▶ [EXERCISE OBJECTIVE] Scan the entries below and extract each line with the word "lowest" in it.

▶ [PROVIDED ENTRIES]
□ □ □

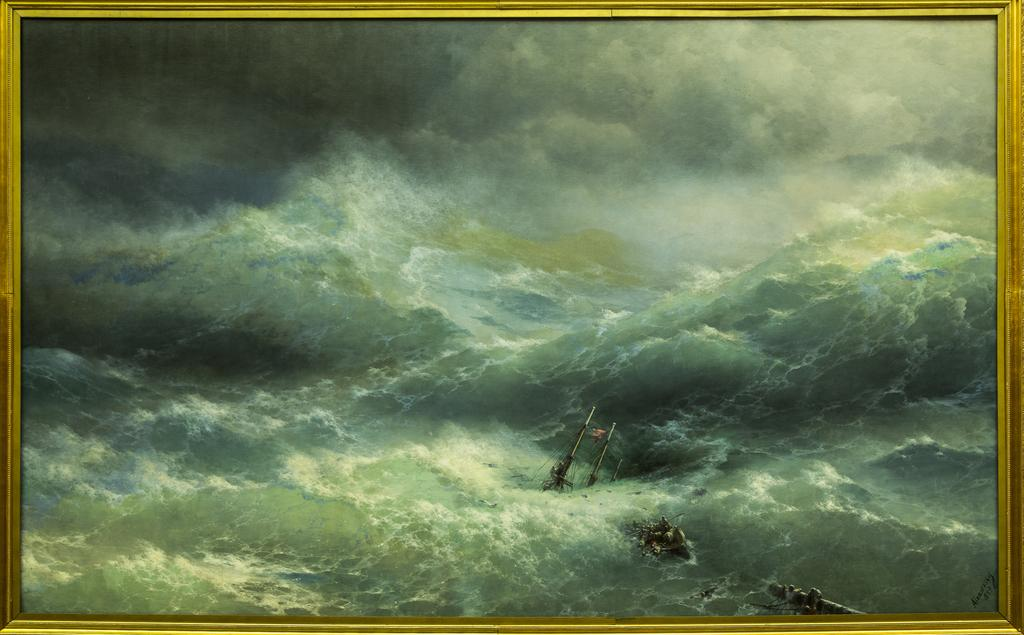What is the main object in the image? There is a frame in the image. What is contained within the frame? The frame contains water. What else can be seen inside the frame? There are objects visible in the frame, as well as the sky. What is the condition of the sky in the image? Clouds are present in the sky, which is visible in the frame. Can you tell me how many bottles of soda are in the basket in the image? There is no basket or soda bottles present in the image. What type of suggestion is being made by the objects in the frame? There is no suggestion being made by the objects in the frame; they are simply visible within the water. 
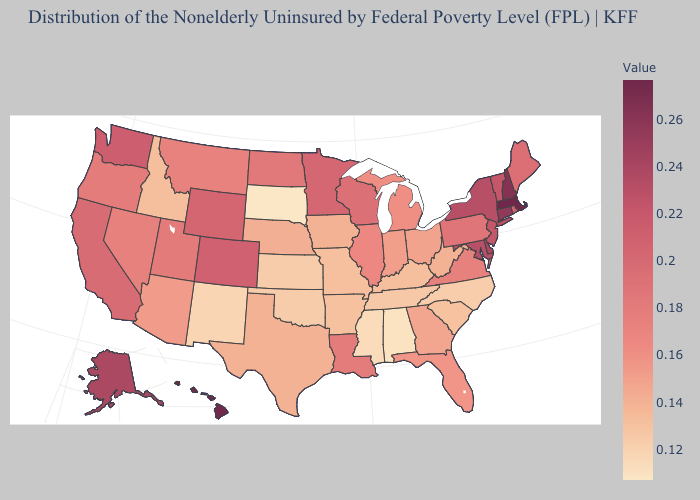Which states have the highest value in the USA?
Short answer required. Massachusetts. Which states have the highest value in the USA?
Short answer required. Massachusetts. Does Hawaii have a lower value than Idaho?
Give a very brief answer. No. Does the map have missing data?
Answer briefly. No. Does Ohio have the highest value in the MidWest?
Be succinct. No. Which states have the lowest value in the USA?
Keep it brief. South Dakota. Among the states that border Georgia , does North Carolina have the highest value?
Give a very brief answer. No. Which states have the lowest value in the USA?
Give a very brief answer. South Dakota. Does the map have missing data?
Give a very brief answer. No. 
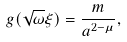Convert formula to latex. <formula><loc_0><loc_0><loc_500><loc_500>g ( \sqrt { \omega } \xi ) = \frac { m } { a ^ { 2 - \mu } } ,</formula> 
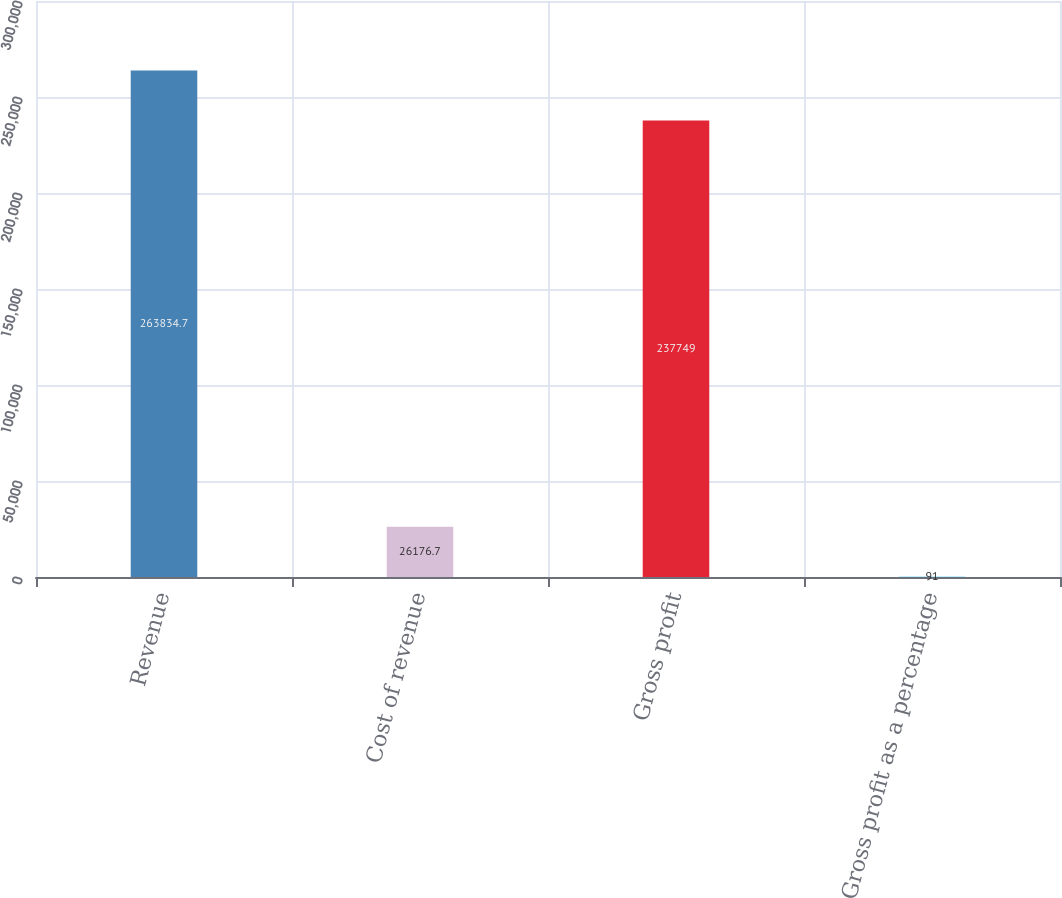Convert chart. <chart><loc_0><loc_0><loc_500><loc_500><bar_chart><fcel>Revenue<fcel>Cost of revenue<fcel>Gross profit<fcel>Gross profit as a percentage<nl><fcel>263835<fcel>26176.7<fcel>237749<fcel>91<nl></chart>

□ □ □

▶ [SOLUTION]
Be succinct. No. Which states have the lowest value in the USA?
Give a very brief answer. No. Which states have the lowest value in the USA?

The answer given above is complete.